Après quelques années, il décide de rejoindre la Chine, « un pays en voie de développement, y compris en ce qui concerne l’équitation. Mais ce n’est pas en restant chez nous que ces clients viendront. » Guillaume cumule ainsi les allers retours entre la France et la Chine. Six mois plus tard, surprise : le conseil interrégional du cheval s’intéresse à lui : « Apparemment, j’étais le seul à avoir eu ce type d’initiative. Il m’a contacté parce qu’il cherchait à développer le commerce équin à l’étranger. » Le jeune homme reste en contact avec eux, puiss’envole ensuite pour l’Inde, où il intègre la meilleure écurie du pays, tenue par un milliardaire.

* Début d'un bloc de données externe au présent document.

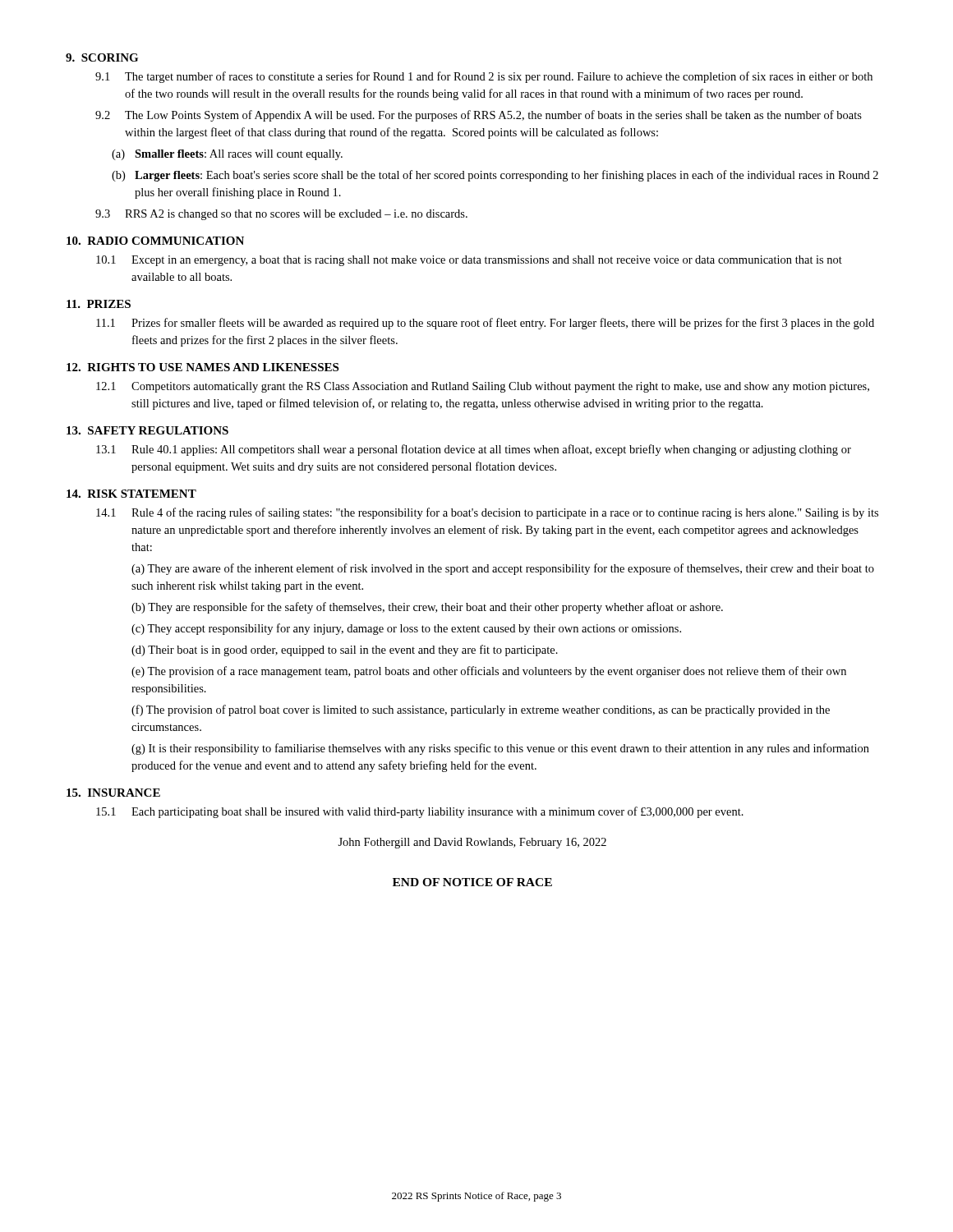Image resolution: width=953 pixels, height=1232 pixels.
Task: Point to the region starting "15. INSURANCE"
Action: tap(113, 793)

En moins de temps qu’il ne faut pour l’écrire, le boulonnais devient responsable de la structure, de 80 employés et d’une centaine de chevaux…

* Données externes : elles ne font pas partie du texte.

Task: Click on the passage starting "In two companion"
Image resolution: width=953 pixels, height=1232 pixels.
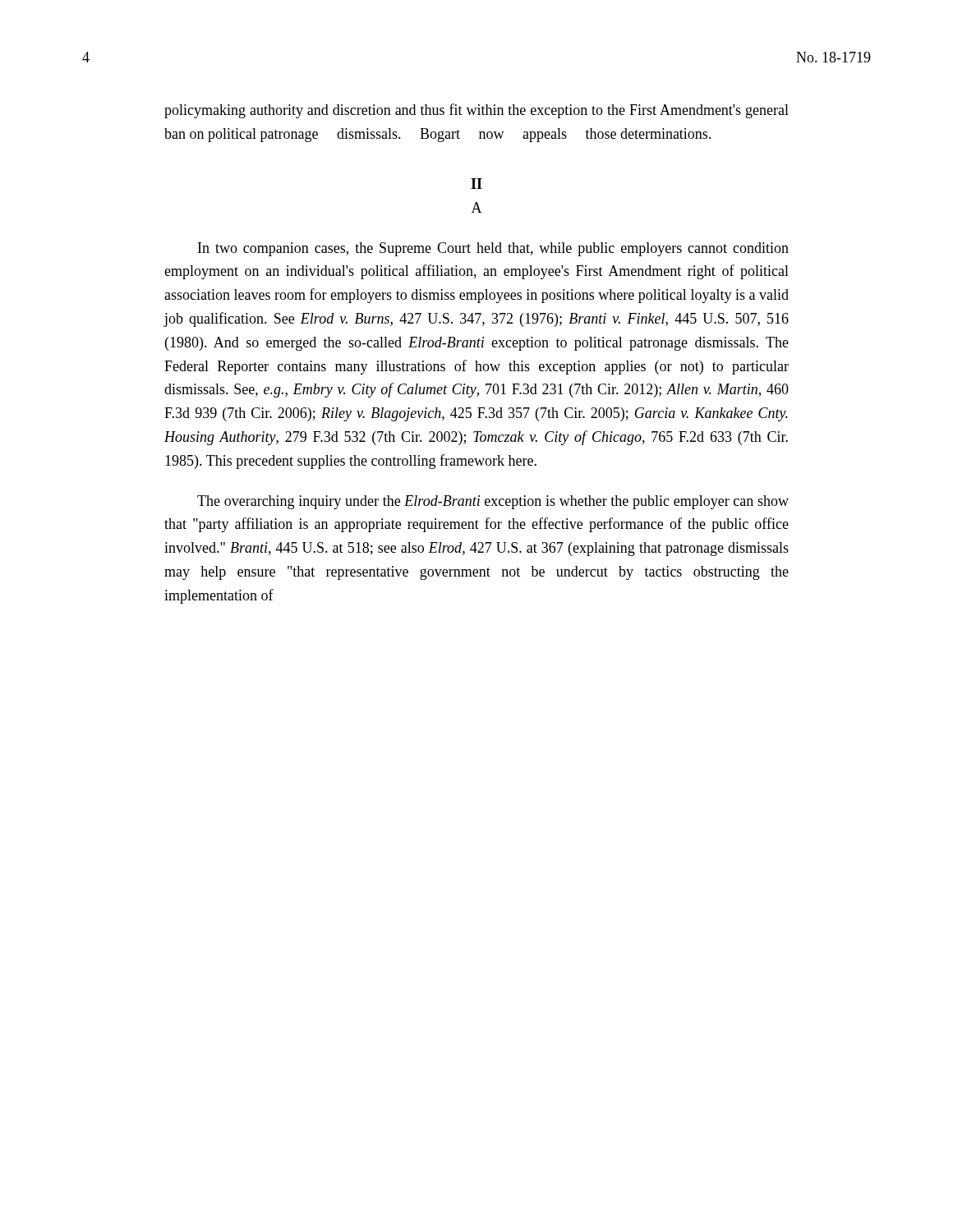Action: [x=476, y=354]

Une promotion qui cache cependant bien des vices : le jeune homme découvre un univers complètement différent de celui qu’il connaît. « En France, un groom s’occupe de dix chevaux, contre deux en Inde. Il y a donc un vrai problème de rentabilité, et puis de personnel à former. Par ailleurs, sur 35 chevaux de compétition, 25 avaient des problèmes de santé… » L’écurie perd ainsi 400 000 euros par an. « Mais tout ça, je l’ignorais en arrivant… », confie Guillaume.

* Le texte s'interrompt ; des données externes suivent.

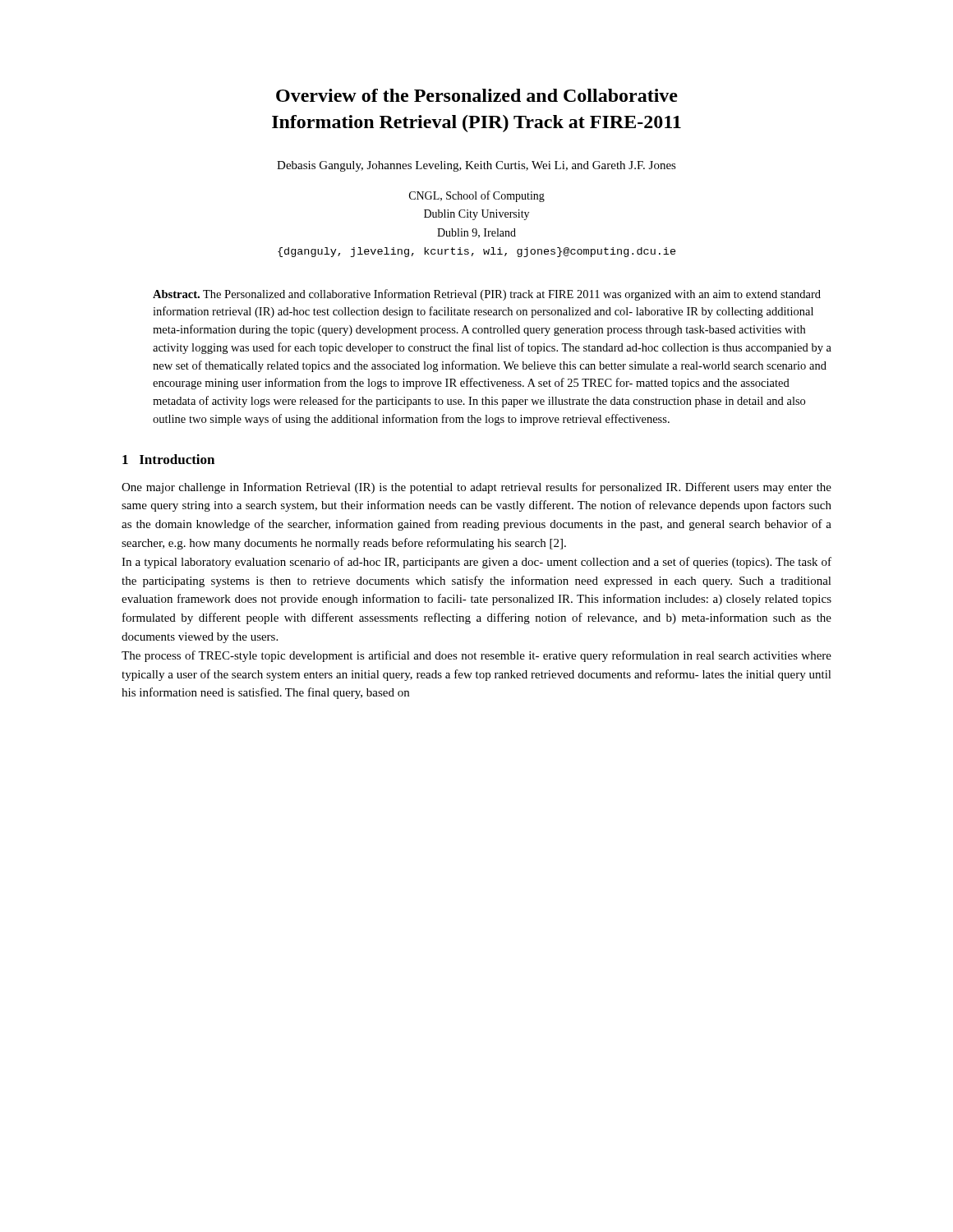Click on the text block that says "The process of TREC-style topic development"
The image size is (953, 1232).
[476, 674]

Le jeune homme est en fait embauché pour changer le système. Ce qui ne sera pas forcément apprécié du personnel. « Là-bas, ce sont les deux cavaliers stars qui font la loi : ils contrôlent tout. » Contre l’embauche de Guillaume, ils tentent ainsi de monter la tête aux clients… ce qui n’est pas au goût de leur milliardaire de patron : dix jours après l’arrivée du frenchy, le boss vire l’un des deux cavaliers, le troisième meilleur d’Inde.

Un an plus tard, le jeune homme atteint son objectif : il vend pour 180 000 euros de chevaux et parvient à réduire les dépenses de 18 %. Côté compétition, l’écurie explose ses résultats de plus de 100 %, remporte trois catégories sur quatre lors du grand championnat d’Inde et décroche le grand prix à Delhi.

Une évolution réussie, mais « un combat permanent et difficile ». Guillaume Marcotte devient néanmoins le petit Français connu dans toute l’Inde pour ces résultats. « L’armée du pays m’a même approché pour des stages. Nous sommes actuellement en négociation pour les former jusqu’au jeux asiatiques. »

En avril dernier, le boulonnais quitte l’écurie pour ouvrir la sienne, toujours en Inde. « Cela me permet d’être beaucoup plus libre, et je ne pas avoir de frustration via un autre patron. » Quelques clients choisissent de le suivre.

Et dans ce pays, l’équitation demeure un sport cher et mondain. Plus vulgairement : les cavaliers ont les moyens. « C’est aussi cher qu’en Europe, sauf que les revenus sont moindres. Seuls les gens riches peuvent se le permettre. Par ailleurs, ils recherchent la qualité et le résultat : ils n’hésitent pas à mettre le prix. »

Un centre au Touquet ?

Pour l’heure, quatorze chevaux occupent l’écurie de Guillaume. « C’est encore petit. Mais avec les clients, nous allons investir pour améliorer tout ça. » Le Boulonnais garde son objectif en tête : créer un centre de formation, une académie en Inde, et ouvrir une deuxième écurie en Europe pour ses clients étrangers. « Je pense au Touquet. C’est idéal, car sécurisant et il existe déjà de nombreuses structures. Les cavaliers pourraient ainsi monter le matin et se détendre l’après-midi : golf, piscine, plage… c’est un peu comme avoir des vacances, tout en travaillant. C’est génial ! »

Le jeune homme l’admet : son projet ne sera pas simple à mettre en place. « Mais ce serait tellement confortable. Par ailleurs, cela permettrait d’avoir un mélange de population et de nationalités. »

A 27 ans, Guillaume Marcotte s’est déjà fait un nom dans l’univers équestre à l’étranger. Le petit frenchy monte. Au galop.